**REQUIREMENT**
Without the images, write out all of the following entries exactly.
*** Opening GIVEN RECORDS ***
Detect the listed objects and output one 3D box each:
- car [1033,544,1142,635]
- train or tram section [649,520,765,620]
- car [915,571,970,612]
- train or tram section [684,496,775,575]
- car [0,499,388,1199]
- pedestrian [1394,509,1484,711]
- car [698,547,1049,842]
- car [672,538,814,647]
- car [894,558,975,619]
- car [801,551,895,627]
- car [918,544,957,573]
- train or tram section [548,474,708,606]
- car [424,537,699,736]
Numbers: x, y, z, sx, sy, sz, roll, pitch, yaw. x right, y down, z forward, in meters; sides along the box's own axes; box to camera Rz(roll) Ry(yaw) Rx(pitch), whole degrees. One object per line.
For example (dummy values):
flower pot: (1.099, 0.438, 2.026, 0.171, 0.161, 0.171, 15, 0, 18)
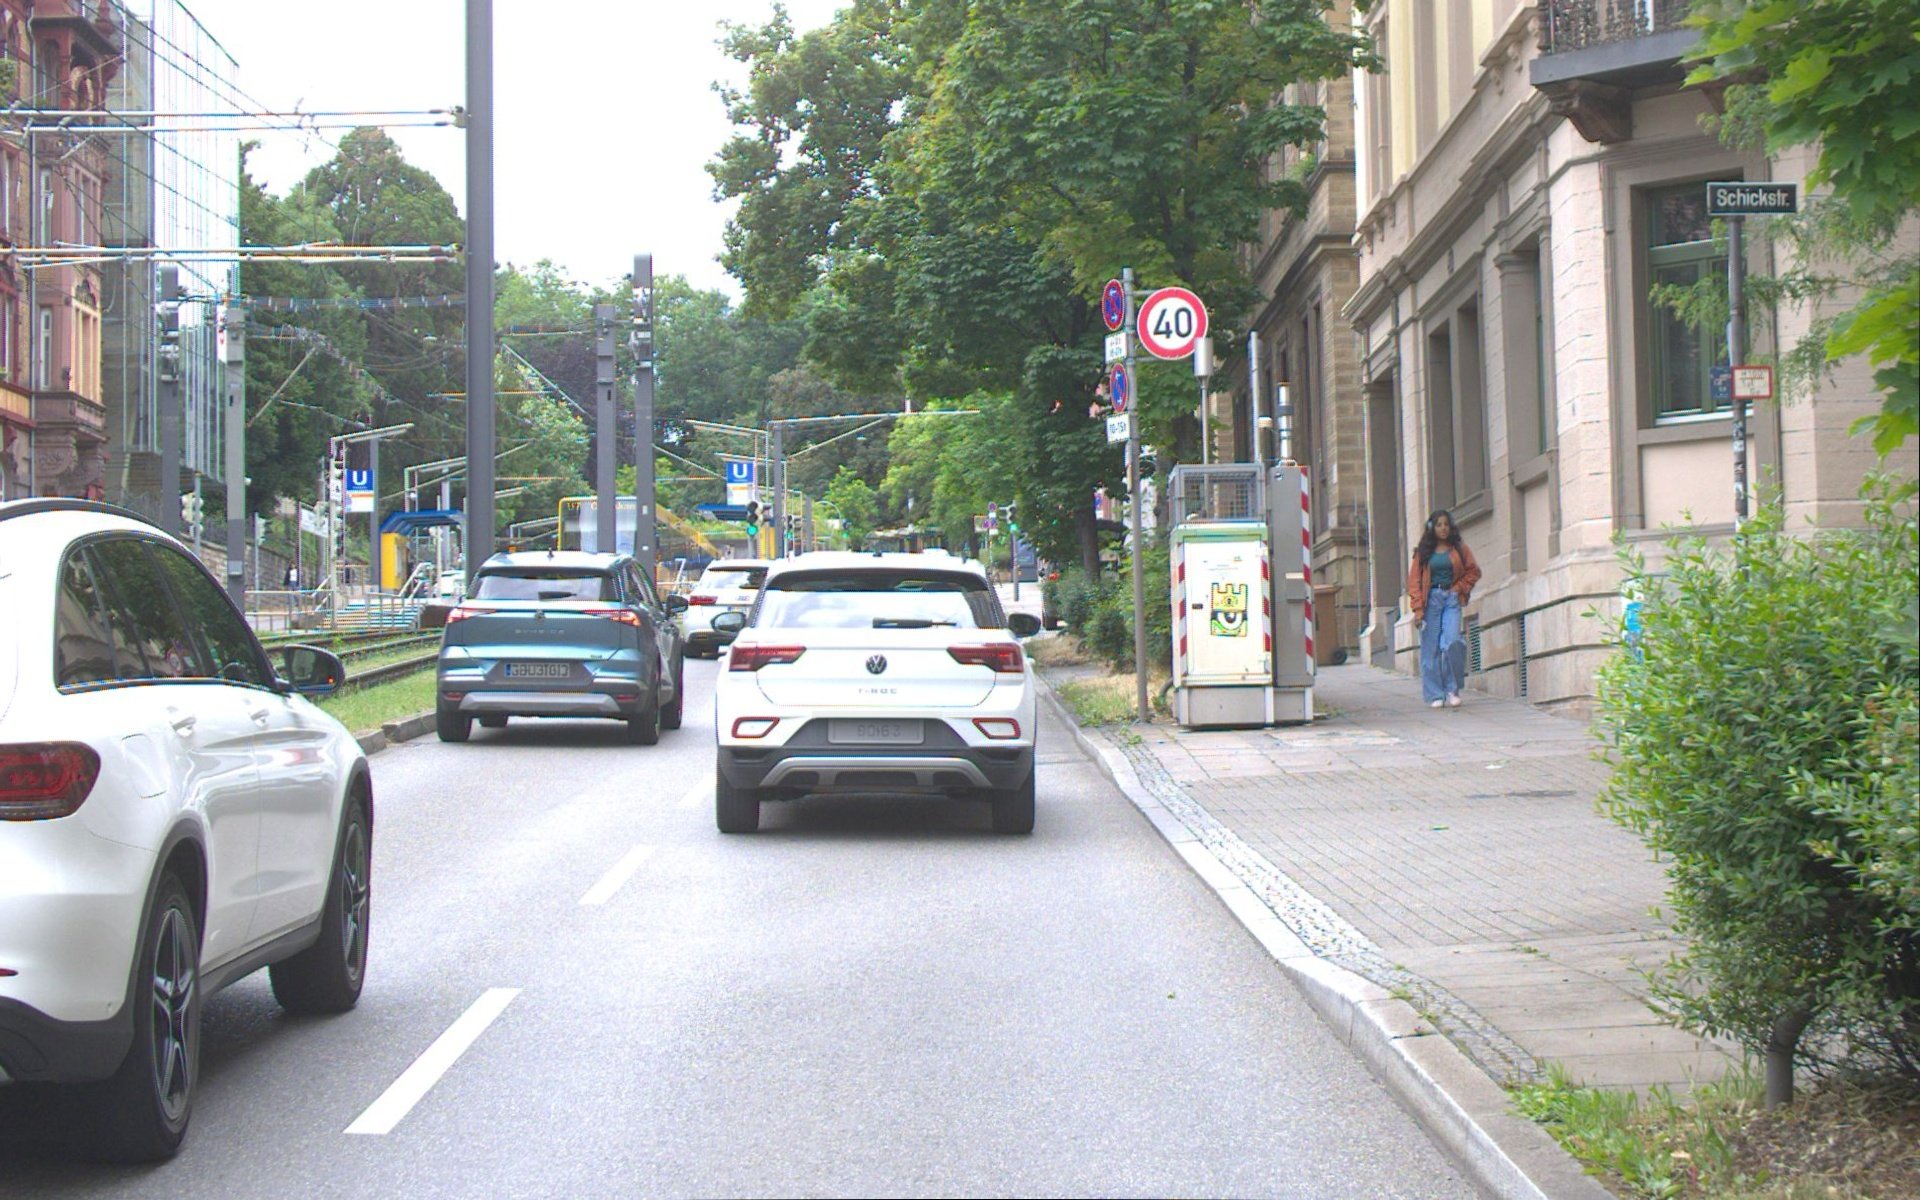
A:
*** Closing GIVEN RECORDS ***
**COMPLETED TASK**
Detect the listed objects and output one 3D box each:
- car [1033,544,1142,635]
- train or tram section [649,520,765,620]
- car [915,571,970,612]
- train or tram section [684,496,775,575]
- car [0,499,388,1199]
- pedestrian [1394,509,1484,711]
- car [698,547,1049,842]
- car [672,538,814,647]
- car [894,558,975,619]
- car [801,551,895,627]
- car [918,544,957,573]
- train or tram section [548,474,708,606]
- car [424,537,699,736]
Numbers: x, y, z, sx, sy, sz, roll, pitch, yaw. x right, y down, z forward, in meters; sides along the box's own axes; box to camera Rz(roll) Ry(yaw) Rx(pitch), whole degrees. One object per line.
For example (dummy values):
flower pot: (1.099, 0.438, 2.026, 0.171, 0.161, 0.171, 15, 0, 18)
A:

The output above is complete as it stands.